Rarely deviating from the index but charging for active management is something that ‘5 to 15% of active investment funds’ are guilty of, according to data published by the European financial watchdog ESMA in February. The regulator reviewed 260 investment funds, after the alarm was raised by Swedish investors.
The ESMA has not published the names of these index huggers – or to use their official name, ‘closet index funds’ – and measures are not likely to be taken against them. Or, at least, not by the ESMA – as it believes that this is a task for the national regulators. Peter Ferket, CIO Equities at Robeco, thinks that much of what the study has exposed are remnants of a bygone era – sleeping funds that have forgotten to wake up to a rapidly changing world.
“The ESMA hasn’t provided a list of names, but many of these closet index funds are likely to date from 15 to 20 years ago, when – certainly in Europe – there were very few passive products on the market. So, these funds contain client assets and there is no natural incentive for asset managers to close them. Basically, I think that this is primarily a legacy of our industry's past. The ESMA’s list won't include many funds that have been launched in the past five years.”
Nevertheless, we still can’t overlook the fact that the providers of these funds could have reduced their costs in the interest of their clients, suggests Ferket. “It’s safe to say that these types of funds are much too expensive now. You have to relate the price of an active product to that of a passive solution. Twenty years ago you might have paid 40 or 50 basis points for a global index tracker; now it’s less than 20. This means you can’t ask people to pay 70 basis points for a closet index fund anymore, like you could twenty years ago.”
It's about fair prices, according to Ferket. “The costs of a passive product form the basis for establishing these. Then there should be a reasonable charge for the alpha that you think your fund can generate. And if the passive solution gets cheaper, of course the price of the active alternative should move accordingly.”
By nature closet index funds deviate too little from the index in order to recoup their higher costs. Cremers and Patajisto (Yale University) reached this conclusion in their study into active share (‘How active is your fund manager?’). Recent research by Morningstar confirms their findings: closet index funds achieve the weakest returns of all active investment fund types. This proves once again that the high costs of these funds are unjustifiable.

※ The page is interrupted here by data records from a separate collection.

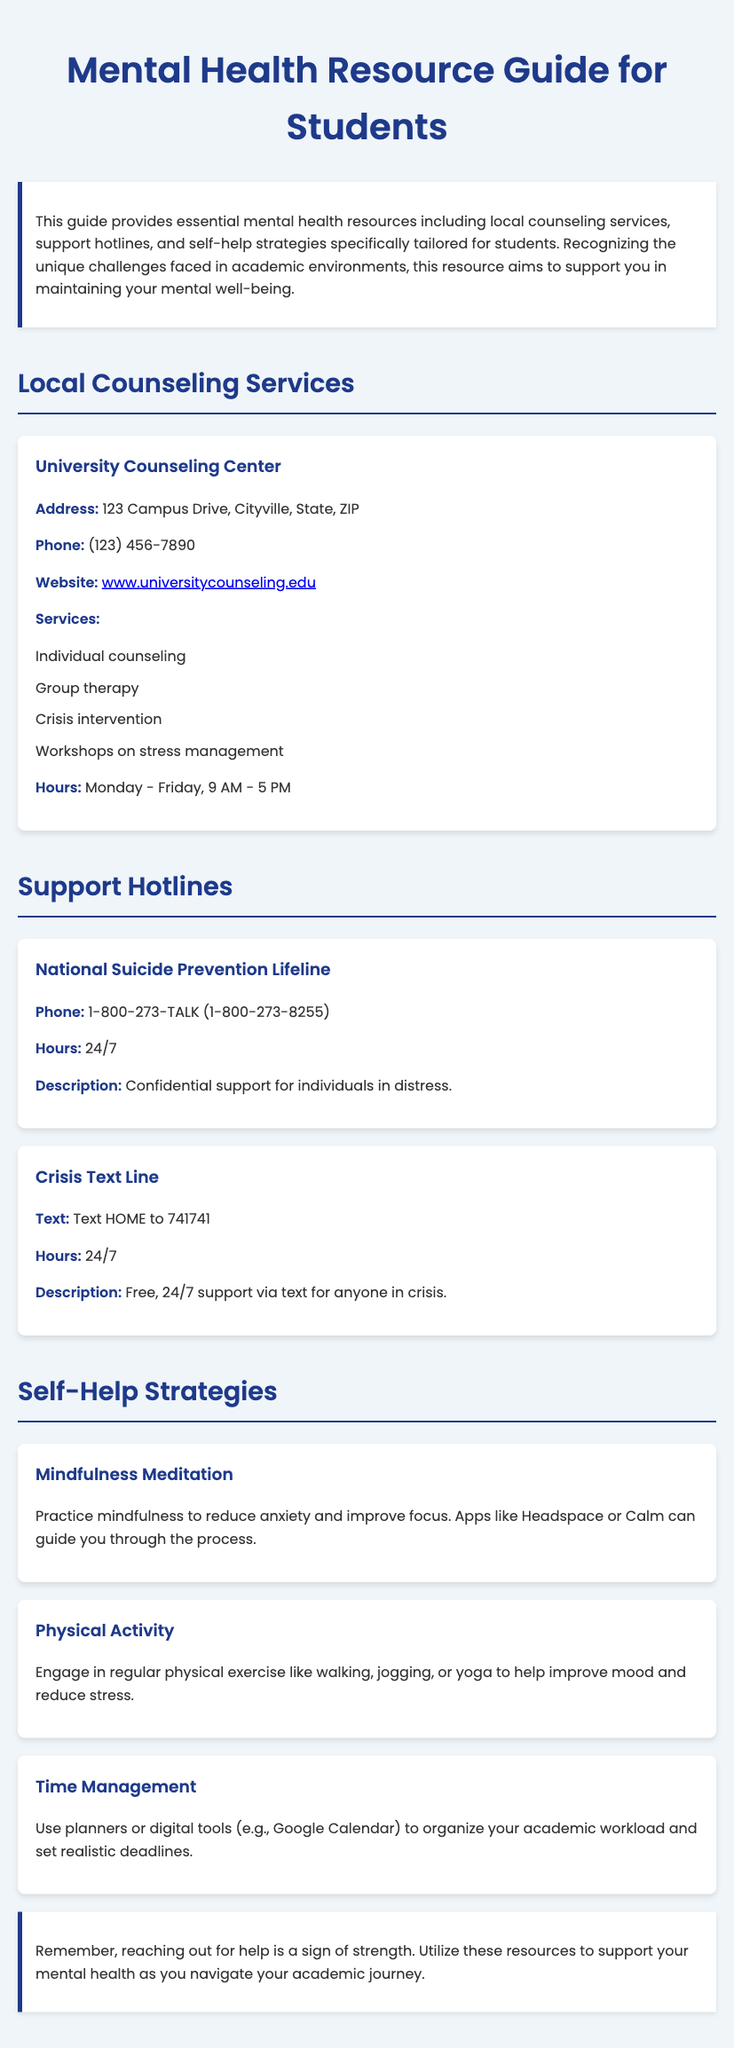What is the address of the University Counseling Center? The address of the University Counseling Center is listed in the document, specifically under the Local Counseling Services section.
Answer: 123 Campus Drive, Cityville, State, ZIP What is the phone number for the National Suicide Prevention Lifeline? The phone number can be found in the Support Hotlines section, specifically for the National Suicide Prevention Lifeline.
Answer: 1-800-273-TALK (1-800-273-8255) What services are offered at the University Counseling Center? The services offered at the University Counseling Center are detailed in a list under the Local Counseling Services section.
Answer: Individual counseling, Group therapy, Crisis intervention, Workshops on stress management Which app is suggested for mindfulness practice? The document mentions specific apps for mindfulness practice under the Self-Help Strategies section, indicating recommendations for students.
Answer: Headspace or Calm How many self-help strategies are listed in the document? The number of self-help strategies can be found by counting the individual strategies outlined in the Self-Help Strategies section of the document.
Answer: 3 What hours is the University Counseling Center open? The hours of operation for the University Counseling Center are stated in the Local Counseling Services section and provide specific opening times.
Answer: Monday - Friday, 9 AM - 5 PM What is the purpose of this mental health resource guide? The purpose of the guide is mentioned in the introduction and provides insight into its intended use for students.
Answer: Support mental well-being What is the main type of support offered by the Crisis Text Line? The type of support offered by the Crisis Text Line is described in the Support Hotlines section, under its description.
Answer: Free, 24/7 support via text 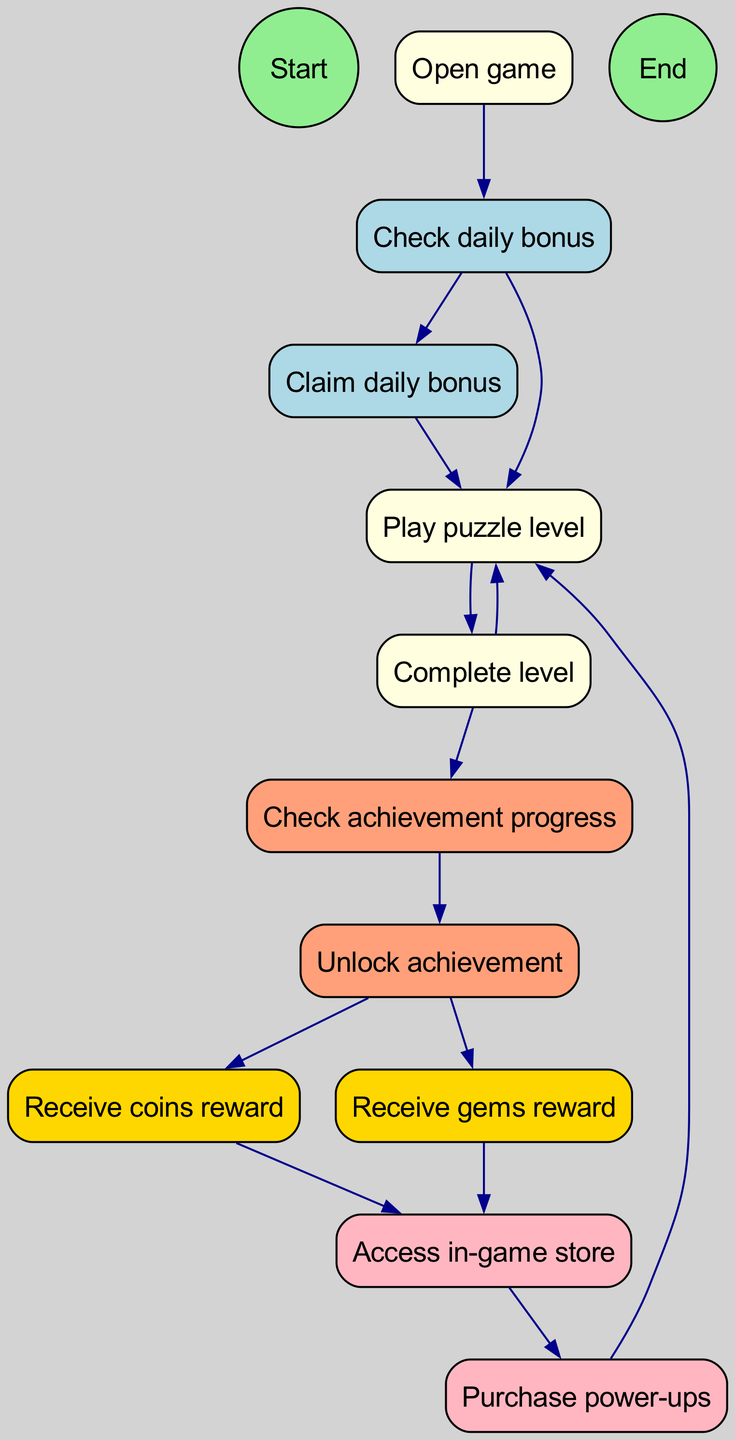What is the starting point of the activity diagram? The starting point is labeled as "Start" which indicates where the process begins in the flow of the activity diagram.
Answer: Start How many nodes are present in the diagram? By counting all unique elements in the nodes list provided, we find that there are 12 nodes listed in total.
Answer: 12 What comes after "Check daily bonus" in the diagram? From the connections in the diagram, after "Check daily bonus," the next steps can be either "Claim daily bonus" or "Play puzzle level." Since both branches emanate from this node, they are the results of checking the daily bonus.
Answer: Claim daily bonus, Play puzzle level What are the rewards received after unlocking an achievement? The diagram specifies that after "Unlock achievement," the rewards received are "Receive coins reward" and "Receive gems reward."
Answer: Coins reward, Gems reward How many edges connect the nodes in the diagram? To find the total edges, we count each directional connection listed in the edges property which results in 12 edges.
Answer: 12 What is the final step indicated by the diagram? The last step in this activity diagram is represented by the node labeled "End," which signifies the conclusion of the process flow after the actions have been completed.
Answer: End What actions can lead to accessing the in-game store? According to the diagram, two paths lead to "Access in-game store": one from "Receive coins reward" and another from "Receive gems reward," indicating that both types of rewards allow the player to access the store.
Answer: Receive coins reward, Receive gems reward What is the relationship between "Complete level" and "Play puzzle level"? The diagram indicates that after "Complete level," the player returns to "Play puzzle level," showing a cyclical relationship where completing a level leads back to playing another level.
Answer: Play puzzle level What must be done to claim a daily bonus? Based on the diagram, after "Check daily bonus," the action "Claim daily bonus" must be completed to receive the daily bonus.
Answer: Claim daily bonus 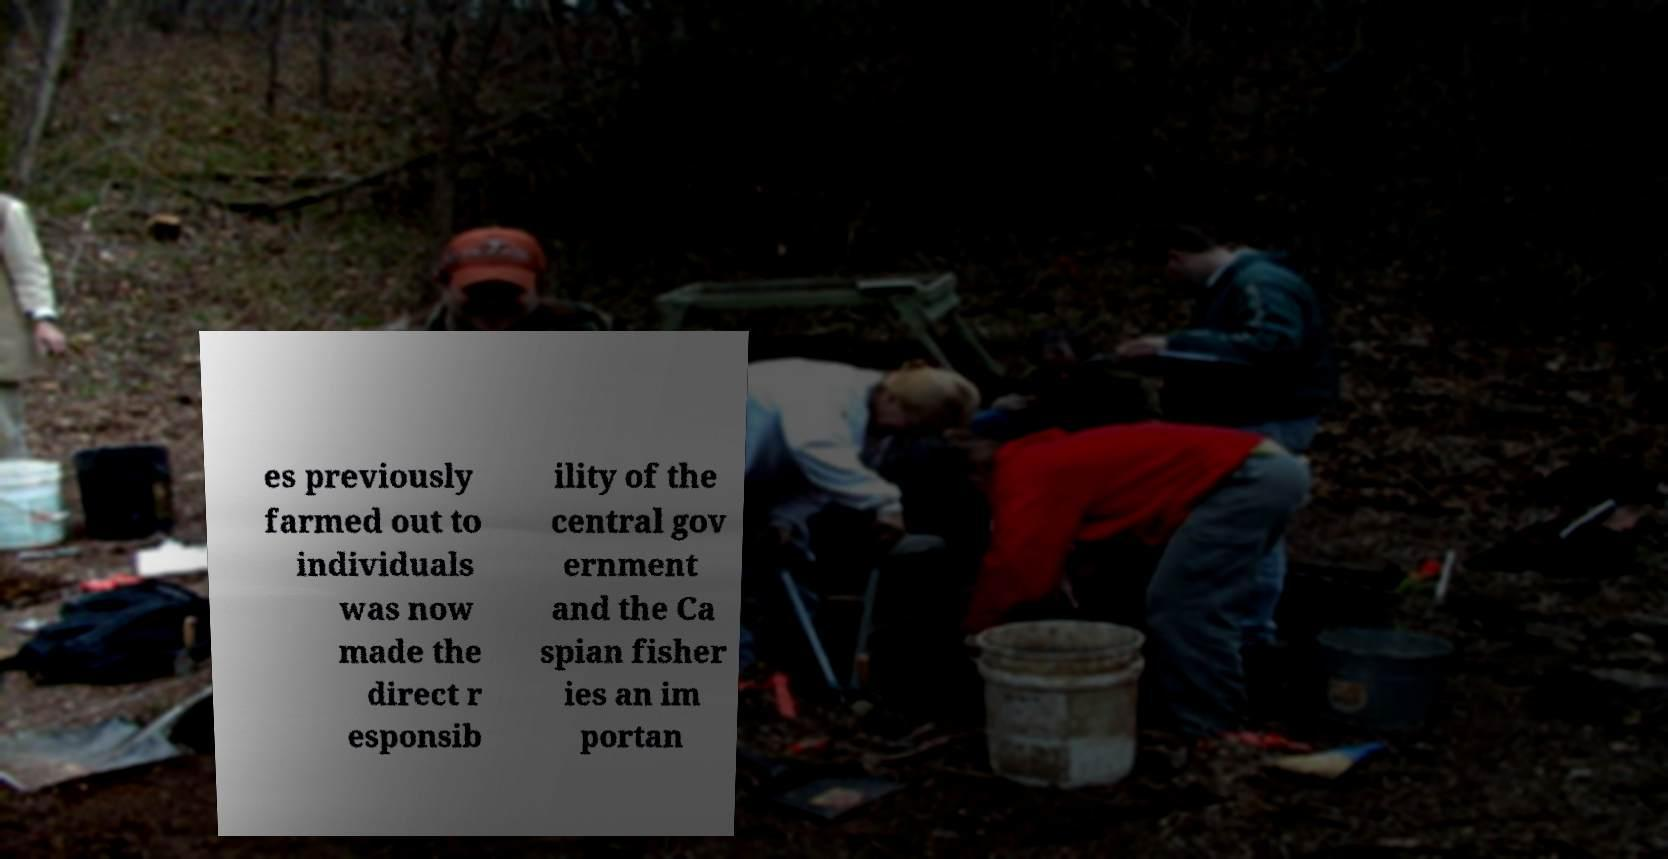Could you extract and type out the text from this image? es previously farmed out to individuals was now made the direct r esponsib ility of the central gov ernment and the Ca spian fisher ies an im portan 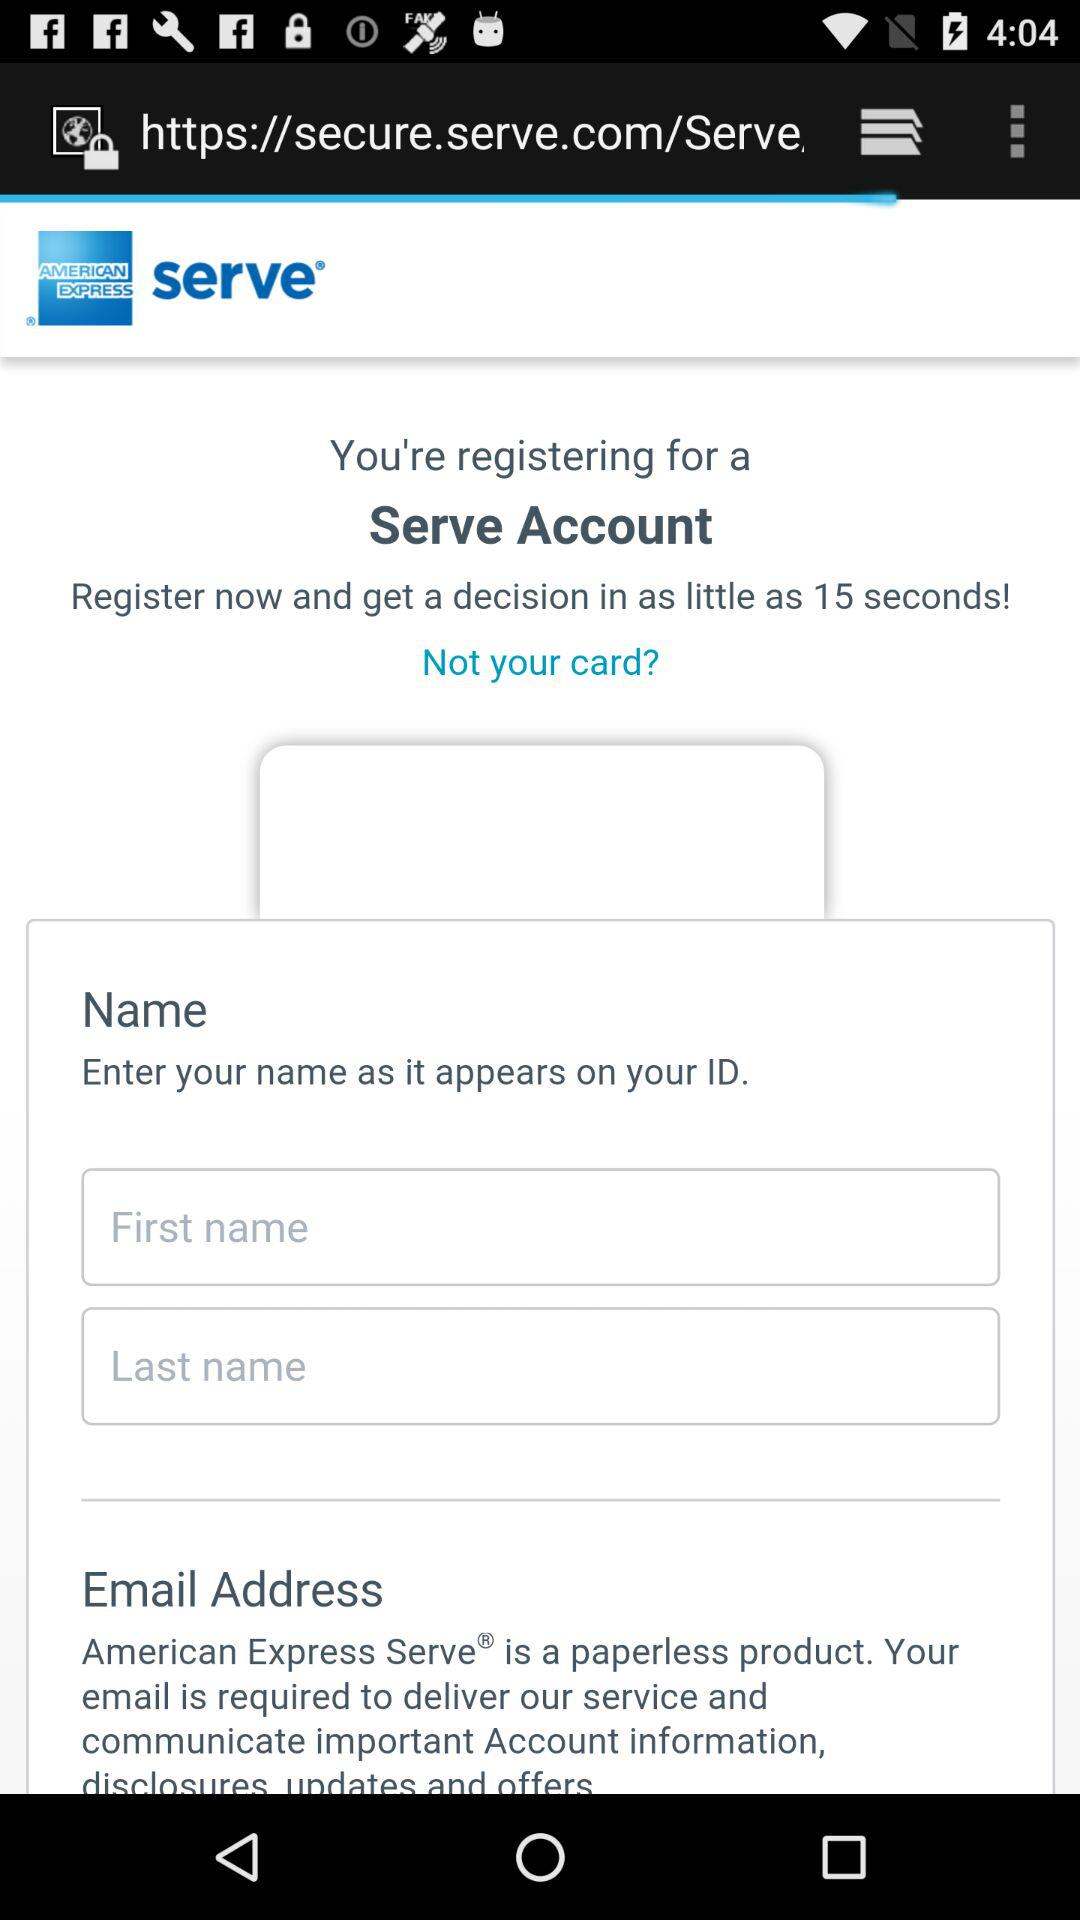In how many seconds do we get a decision after registering? We get a decision in as little as 15 seconds. 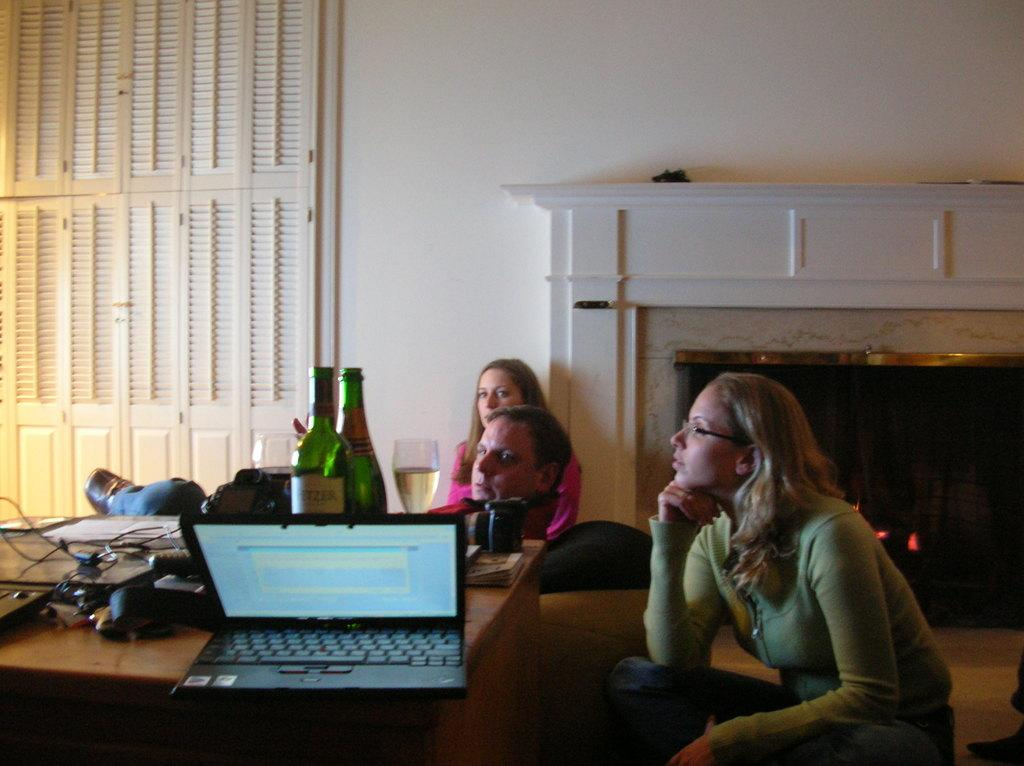How many people are sitting on the floor in the image? There are three persons sitting on the floor. What objects can be seen on the table in the image? There are bottles, glasses, a laptop, and books on the table. What type of furniture is present in the image? There is a table and a fireplace in the image. What type of rock can be seen in the image? There is no rock present in the image. Can you describe the wren perched on the laptop in the image? There is no wren present in the image; it is a laptop on the table. 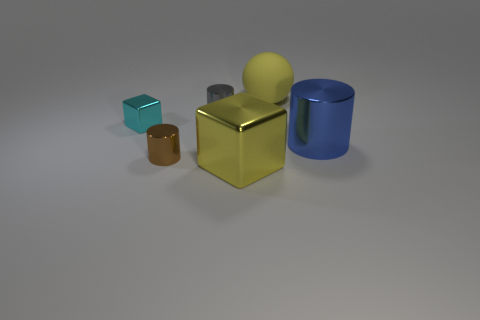There is a big cube that is the same color as the sphere; what is it made of?
Ensure brevity in your answer.  Metal. What number of large yellow spheres have the same material as the large blue cylinder?
Your answer should be very brief. 0. Is the size of the cylinder behind the blue metallic cylinder the same as the big blue metallic object?
Offer a very short reply. No. There is a tiny cube that is the same material as the large block; what color is it?
Keep it short and to the point. Cyan. Is there anything else that has the same size as the yellow matte ball?
Your response must be concise. Yes. There is a small brown object; how many big metal things are to the left of it?
Offer a terse response. 0. There is a metallic object that is right of the big yellow shiny thing; does it have the same color as the tiny metal cylinder that is in front of the small gray cylinder?
Ensure brevity in your answer.  No. What color is the other big shiny thing that is the same shape as the gray metallic thing?
Your answer should be compact. Blue. Is there anything else that is the same shape as the gray thing?
Ensure brevity in your answer.  Yes. There is a big object behind the tiny cyan shiny thing; is it the same shape as the large yellow object that is in front of the blue cylinder?
Your answer should be compact. No.

Nevertheless, many providers of these products seemed to have overlooked that fact that we have entered the 21st century. While passive solutions were getting cheaper and cheaper, they just rested on their laurels. As a result, they are now much more expensive than passive solutions, even though their structure enables them to generate little or no alpha. “We decided to move further away from the index years ago,” explains Ferket. The Robeco Fund is a good example: a globally invested fund with an active share (a percentage that indicates the absolute level of deviation from the benchmark) of above 80%.
“We were faced with a choice for this fund: lower the costs or allow the fund to deviate further from the benchmark, with higher expected alpha as a result. We chose the latter,” – a decision that according to Ferket was motivated more by the investment philosophy than by commercial interests.
Currently under pressure from dissatisfied investors and regulators, closet index funds seem to be on the path to extinction. People's perception of their added value has vanished like snow before the sun due to the increased popularity of index trackers and ETFs. And they also seem to have played out their roles in this sector. “Initially there were truly active core products; then passive ones appeared too. But we now know that a combination of the two styles – passive for beta and active for alpha – is more effective than a single core fund.
“By combining ETFs with funds that are truly benchmark-agnostic, you can easily adjust your portfolio to achieve the desired level of active share or tracking error,” explains Ferket. “That’s why at Robeco we focus on both our quant products – a better alternative to passive funds – and on high conviction funds.”
According to Ferket, it is very clear that the increased popularity of ETFs has resulted in a different product range at active managers, where active strategies are becoming increasingly close to hedge funds. Ferket also points out that it is becoming increasingly difficult to differentiate between the different styles in terms of the way they operate. “You used to have core funds, passive products and hedge funds. They were three different worlds. Now you have largely passive at the one end of the product range, high conviction funds at the other end and smart beta in the middle.”
Ferket does not see any significant growth potential for smart beta ETFs. “It’s a bit like the situation with hedge funds at the beginning of this century. The best managers start with them and achieve superior returns, but then they become more mainstream, supply increases and average performance deteriorates, while the risk of upsets at individual providers increases.”
But the increased popularity of smart beta indices is raising the bar for active factor funds. “Value funds or low volatility funds are no longer compared with the MSCI World Index, but with the MSCI Value Index or MSCI Min Vol Index. This means you can no longer just get away with harvesting the value or volatility premium.”
This is the new reality – where active fund managers, hounded by competition from the passive market, are being forced to innovate and continuously re-examine and improve their products. It is a world in which the asset management industry regularly sheds its skin, as it is doing now in the case of closet index funds. And everyone benefits from this.